O primo Abel: rotina com pai em futebol amador treinadores a estourar no Palmeiras palmeirense

Abel Ferreira não é o único técnico de futebol na sua família. Arlindo Gomes, um de seus primos, hoje é professor na escola em que o técnico do Palmeiras estudou quando morava em Penafiel e comanda também o Rebordosa Atlético Clube, time que briga para chegar ao equivalente a quarta divisão portuguesa.

Antigo vizinho de Abel na cidade ao norte de Portugal, Arlindo é cinco mais velho e também teve uma passagem pela base de Penafiel, mas acabou dando preferência aos estudos e foco na faculdade de Educação Física em Vila Real, outra cidade portuguesa. Ele começou o trabalho com comissões técnicas já em 1995 e trocava informações com o então direito lateral, que sempre se mostrou interessado com a preparação do jogo.

– começou a viver (auxiliar) em 1995. Ele continua em Penafiel e quando eu vinha no fim de semana juntos e ele partilhava como percebendo em que alguns treinadores tinham atitudes determinadas. E eu já como adjunto dava a perspective do outro lado – contorno o primo, ao idade.

Arlindo Gomes, primeiro de Abel Ferreira — Foto: Thiago Ferri

Depois de se aposentar precocemente no Sporting aos 33 anos por conta de uma lesão no joelho, Abel começou a aprender o sub-19 do tempo de Lisboa. Embora tenha conquistado o título nacional logo na primeira temporada, em 2012, acabou meio devendo anos depois da equipe B, que joga a segunda divisão no país.

A saída não foi necessária para ir à elite de Portugal e ate outras vezes na Europa, Abel ouviu que precisava de mais tempo de preparação. E ate acertar com uma nova equipe, decida acompanhar o primo em sua rotina no futebol amador. Arlindo era treinador do Cinfães, que fica a cerca de 40 km de Penafiel.

Penafiel, a cidade de Abel Ferreira

– Para ele, experiência vale muito. O Abel queria viver outras realidades, porque estava na segunda divisão em Portugal, profissional, e eu treinava o Cinfães no amador, digamos assim. Ele acabou indo para saber o que era aquela realidade. Conseguimos estar em algum tempo juntos, uma viagem de 40 km, 50 km. Ele ia comigo diário para perceber a realidade profissional, alguém que já estava no futebol no Sporting decide ir a Cinfães em um clube não-profissional para tentar fazer o download do que poderia ser positivo. Não queria saber só o que era uma elite, queria saber tudo – recordou.

Foram cerca de seis semanas nesta rotina, e no início de 2015 Abel acertou com o tempo B do Braga. Já no novo clube, o atual treinador do Verdão manteve contato com o primo para trocar experiências.

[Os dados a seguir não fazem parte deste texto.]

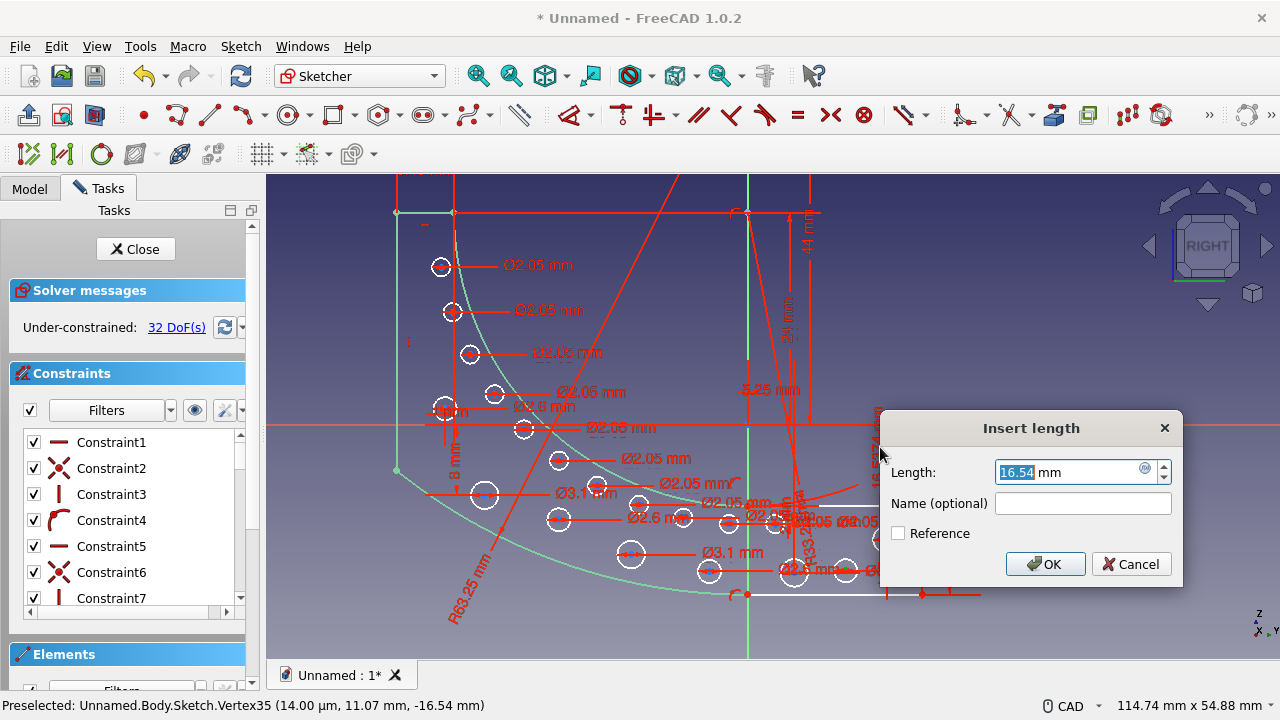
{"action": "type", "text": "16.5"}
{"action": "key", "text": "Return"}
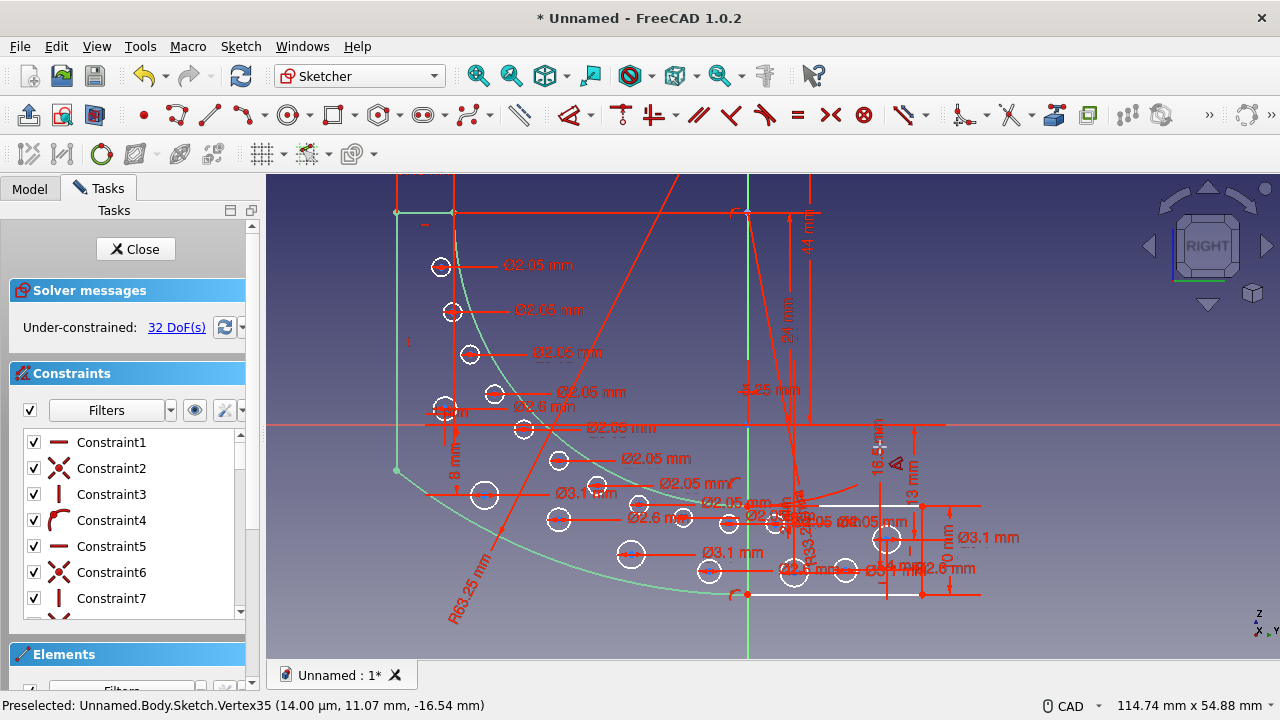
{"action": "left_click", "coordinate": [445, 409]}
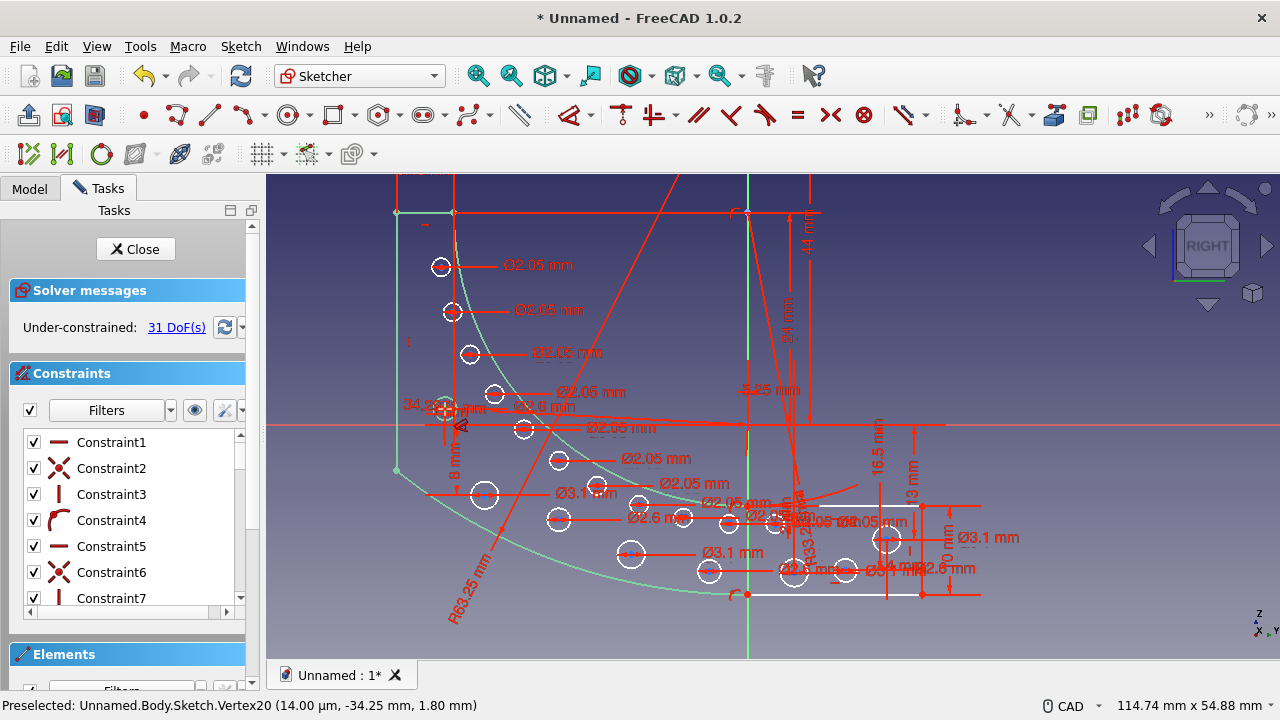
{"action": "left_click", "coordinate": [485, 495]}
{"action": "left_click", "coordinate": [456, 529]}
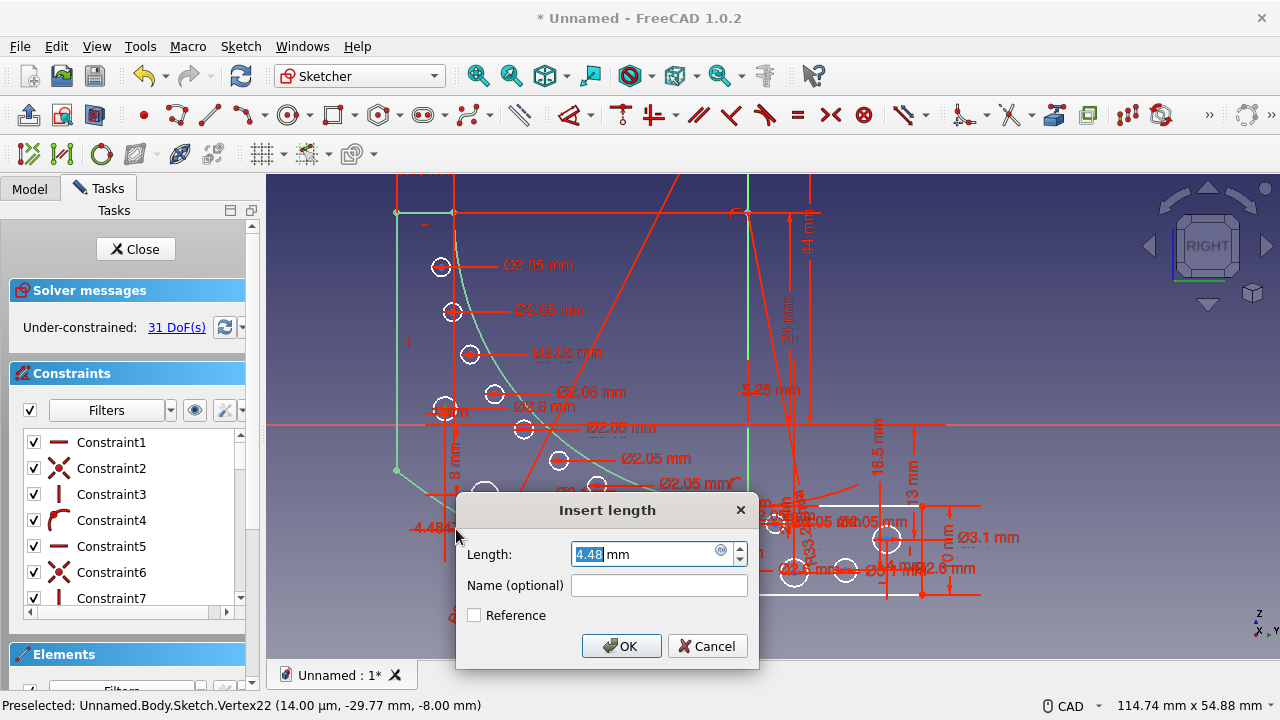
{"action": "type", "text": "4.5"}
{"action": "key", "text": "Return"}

Abel Ferreira no Braga em 2017 — Foto: BURAK AKBULUT / Agência Anadolu via AFP

– Ele foi para observar, partilhava comigo a perspectiva dele, principalmente quando estava também em Braga, sobre o que achávamos em função das nossas realidades. Era cerca de 1h de viagem, era tempo para compartilhar o que correu bem, o que não correu e onde melhorar. Sempre a escolha de maneira aberta, porque nessa podia mais conhecimento e competência.

Após o trabalho no time B, Abel foi promovido à main team do Braga e começou a chamar a atenção. Um profissional não, embora relativamente curto, já se mostrou bem sucedido com os cinco títulos em um ano e meio de Palmeiras.

Para o primo, o sucesso “precoce” só mostra o valor do comandante palmeirense, que já ganhou no Brasil a Libertadores (duas vezes), Copa do Brasil, Paulistão e Recopa Sul-Americana.

– Dizem que o Abel é motivador, faz leitura de jogo. Mas foi competência de sua persistência para atingir algo. Che de orgulho ver sucesso, a família penafidelenses estamos muito o sucesso e o sucesso, ate leva o nome da cidade, toda a região. Não é um feito assim tão fácil – encerrou.